This article is part of Alibaba’s Flink series.
As an open-source framework for big data computing, Apache Flink has undergone extensive optimization to meet a range of users’ demands for enhancement. For Alibaba Group, where the framework is deployed in a large-scale production environment, the need for these changes has motivated its real-time computing team to contribute many of Flink’s most valuable optimizations, benefiting the Flink community and Alibaba alike.
In this article, we look at Alibaba’s contributions in two key aspects of the framework’s architecture, tracing developments including Flink’s Query Processor, BinaryRow, and AsyncOperator components.
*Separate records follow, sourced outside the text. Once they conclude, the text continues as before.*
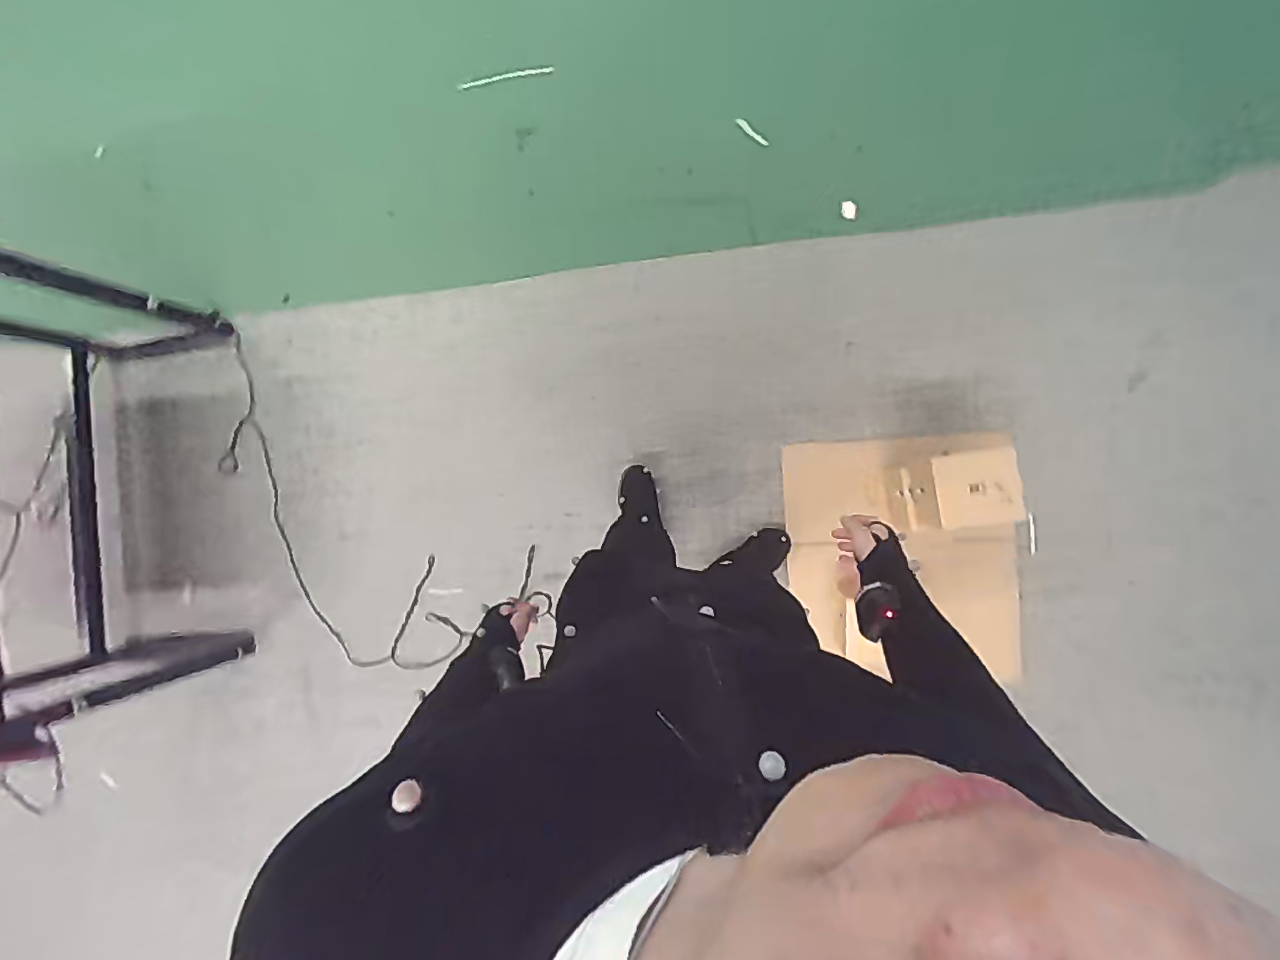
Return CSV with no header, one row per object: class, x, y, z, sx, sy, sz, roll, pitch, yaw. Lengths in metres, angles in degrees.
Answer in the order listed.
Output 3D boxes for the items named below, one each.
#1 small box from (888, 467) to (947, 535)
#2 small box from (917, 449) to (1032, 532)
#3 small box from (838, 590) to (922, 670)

To enable users to develop code sets based on their own business logic that can be run by various different scenarios simultaneously, Flink first needed to be able to provide those users with a unified API. Alibaba Group’s real-time computing team determined that SQL made the best choice toward this end as a recognized classic that has benefited from decades of testing in the field of batch processing.
In stream computing, the concept of dynamic tables has recently emerged as a way of describing stream computing that uses SQL as batch processing would, based on equivalent logic. In this way, users can use SQL to describe their own business logic, and a given query statement can either be a batch task or a high-throughput low-latency stream computing task when executed. Moreover, processing for such statements can be carried out such that historical data is first computed using batch processing technology before its processing is automatically converted to a stream computing task to deal with the latest real-time data.
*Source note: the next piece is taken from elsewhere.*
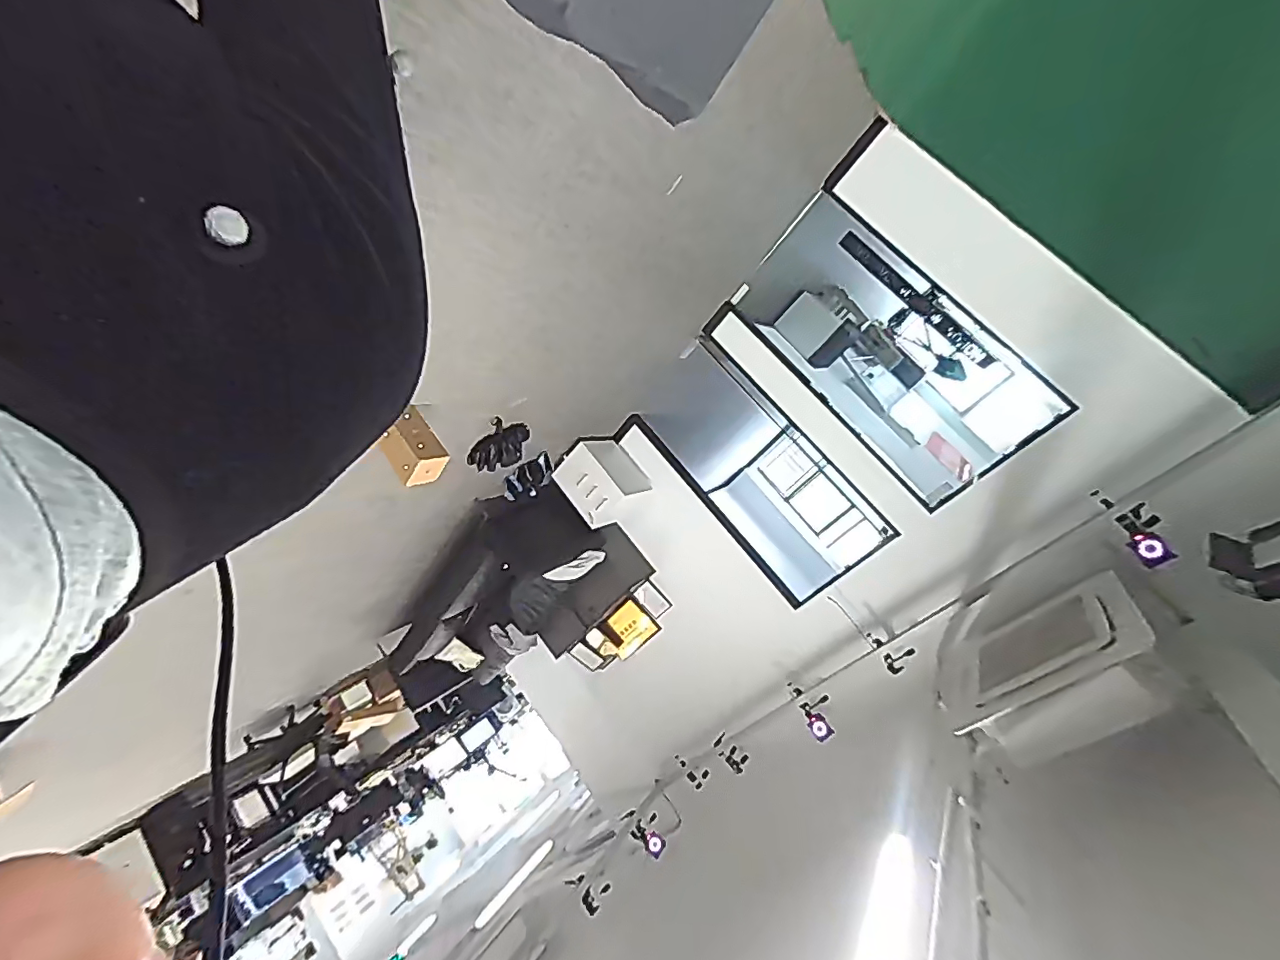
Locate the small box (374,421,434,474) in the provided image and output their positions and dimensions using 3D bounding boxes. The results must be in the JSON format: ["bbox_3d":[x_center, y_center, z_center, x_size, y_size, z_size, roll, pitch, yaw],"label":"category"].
[{"bbox_3d":[-1.091,-0.157,2.488,0.179,0.176,0.168,-50,163,30],"label":"small box"}]

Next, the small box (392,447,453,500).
[{"bbox_3d":[-0.989,-0.038,2.447,0.179,0.176,0.168,-48,163,30],"label":"small box"}]

Under the SQL declarative API, the engine has a greater number of choices and greater room for optimization. The following sections look at several of the most important such optimizations in detail.
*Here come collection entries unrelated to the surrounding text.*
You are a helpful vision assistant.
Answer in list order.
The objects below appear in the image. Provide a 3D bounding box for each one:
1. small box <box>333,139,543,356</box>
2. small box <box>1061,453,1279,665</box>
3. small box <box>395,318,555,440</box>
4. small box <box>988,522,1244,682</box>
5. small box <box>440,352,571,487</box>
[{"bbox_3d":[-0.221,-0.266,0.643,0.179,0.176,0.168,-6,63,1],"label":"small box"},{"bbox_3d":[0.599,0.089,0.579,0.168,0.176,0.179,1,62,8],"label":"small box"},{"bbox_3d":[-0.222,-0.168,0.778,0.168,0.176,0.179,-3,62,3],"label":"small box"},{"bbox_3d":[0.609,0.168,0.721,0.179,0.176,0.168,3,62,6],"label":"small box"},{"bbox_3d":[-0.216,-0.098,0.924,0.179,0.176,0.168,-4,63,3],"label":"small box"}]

Alibaba’s first key optimizations to Flink upgraded and replaced its SQL layer architecture.
Developers familiar with Flink through research or actual use will likely be aware that Flink has two basic APIs: one for DataStream (provided for streaming users), and one for DataSet (provided for batch users). These two sets of APIs have completely different execution paths, as well as needing to generate different tasks to execute. After a given series of optimizations, Flink’s native SQL layer will call the DataSet API or the DataStream API, depending on the user’s requirements for stream or batch processing. This often results in the user facing two sets of predominantly independent technology stacks in daily development and optimization, meaning that many things need to be repeated twice. This will also result in optimization on one side of the technology stack that is not available on the other side.
To counter these issues, Alibaba proposed a new Query Processor at the SQL layer, consisting primarily of an optimization layer (QueryOptimizer) that can be reused by streams and batches as much as possible and a Query Executor based on the same StreamOperator interface. Using this model, more than 80 percent of work including common optimization rules and underlying data structures can be reused on both technology stacks. Simultaneously, streams and batches still retain their own specific optimizations and operators to satisfy different jobs.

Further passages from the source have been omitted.